2024-05-08 04:19:51 | Peace Cafe


 「那須遺体損壊事件」が連日報道されている。人を燃やした実行犯がほぼ特定された。殺したのも同じ者かはまだ確定されない。何と20の若者が2人が報道されている。この事件は少し今までの犯罪と、変化してきている事が感じられる。いかにも犯罪とは縁のないような若者が、ある日、闇のアルバイトのつもりで、遺体燃やしをやらされてしまう事件だ。

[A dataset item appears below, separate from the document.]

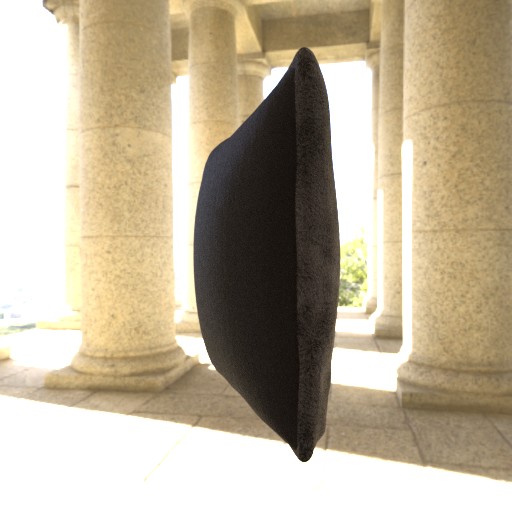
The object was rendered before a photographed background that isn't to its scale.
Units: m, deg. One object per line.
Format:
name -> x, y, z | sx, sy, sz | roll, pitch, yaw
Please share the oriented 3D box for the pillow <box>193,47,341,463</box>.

 IT世代の若者が、現実感のない中で生きている。電話で老人を騙し、お金を奪う犯罪が連日起きている。海外などに拠点を置き、遠くから指示をして詐欺を働いている。その末端にいて、犯罪に引き込まれて捕まっているのが、特殊詐欺の「受け子」と「出し子」の若者である。

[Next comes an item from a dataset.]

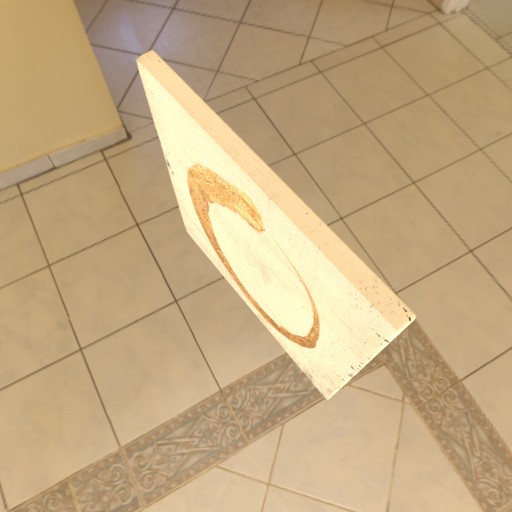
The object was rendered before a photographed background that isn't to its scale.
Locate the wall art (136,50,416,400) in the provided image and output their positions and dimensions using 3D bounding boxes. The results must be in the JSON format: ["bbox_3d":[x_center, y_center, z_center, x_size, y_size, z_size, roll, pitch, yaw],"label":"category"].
[{"bbox_3d":[0.000,0.000,0.927,0.040,0.611,0.610,-36,70,-16],"label":"wall art"}]

 SNSやネット掲示板、闇バイトの求人サイトを中心に「書類や荷物を受け取るだけの簡単なアルバイトで高収入が手に入る」などとうたって人を集めるため、未成年の少年なども罪の意識もなく気軽に犯罪に加担してしまい、捕まるのはしっぽだけなのだ。

 出し子とはATMからお金を引き出す役割である。受け子とは実際に尋ねてお金を持ち逃げする役割である。いずれも指示するものとは面識もなく、深い考えも無く、アルバイトのつもりで犯罪を犯してしまう。コンピュターゲームのやり過ぎでと現実の境目を失っているのだろう。

 「那須遺体損壊事件」で検挙されているのは
 ① 25歳の男:最初に自首をした男である。犯行に使用する車を提供し、ガソリンその他の道具を準備していた犯罪者である。大変なことに巻き込まれたことに気づいて、殺人をやっていないと言うことを占めそうとして自首したのだろう。

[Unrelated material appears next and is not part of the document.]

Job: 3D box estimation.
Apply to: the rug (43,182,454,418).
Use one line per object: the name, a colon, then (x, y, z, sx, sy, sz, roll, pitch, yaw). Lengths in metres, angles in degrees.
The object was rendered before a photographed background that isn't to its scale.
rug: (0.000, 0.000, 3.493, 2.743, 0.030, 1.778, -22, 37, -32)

 ② 28歳の男:①の25歳の男にこの「闇仕事」を依頼した「アニキ」と呼ばれていた人間で、犯罪の指示をしているが、被害者との関係はないようだ。この人物はこうした暗黒社会との繋がりがある人間なのだろうが、殺人依頼人との間には、まだ間に悪い人間が居るだろう。

 ③ 20歳の男2人:①の25歳の男に依頼され「実行犯」となった若者。良く犯罪の意味も理解も出来ないまま、遺体の焼却をしてしまった二人である。殺しもやらされた可能性がある。この2人の20歳が新しいタイプの人間を意味しているような気がする。

 ④38歳の娘婿:28歳の男に犯行を依頼した、殺された両親に怨恨のあると思われる人物。

 この内4人が、いずれも被害者との面識はない。利害関係もない。枝葉として使われた「兵隊」であったと報じられている。彼ら4人同士は本名すら知らない浅い人間関係で、互いにあだ名で呼び合いSNSで連絡を取っていた、人間関係の希薄な若者たちだった。38歳の男にお金で使われたと思われる。

 すでに闇バイトなどを経験していて、依頼を断れないところに居たのかもしれない。路は踏み外していたのかも知れない。しかし殺人に加担することを、深く考えることが出来なかった可能性が高い。出し子から殺人犯への路は近いのかも知れない。

 この構造が現代社会に起きている、ネット世界と現実が混在したような犯罪に思われる。このような犯罪集団を、警察は「匿名・流動型犯罪グループ」と呼んで「匿名・流動」略して「トクリュウ」というらしい。そんな勇ましい名前ではなく、欠落犯と言うぐらいではないか。

 彼らは、本名も顔も分からないSNS上で「闇バイト」を募り、短時間で高額報酬といった断片的な情報で「匿名・流動的」なその場だけの犯行チームを結成させ、特殊詐欺や強盗や殺人まで、あらゆる犯罪を実行させる手口らしい。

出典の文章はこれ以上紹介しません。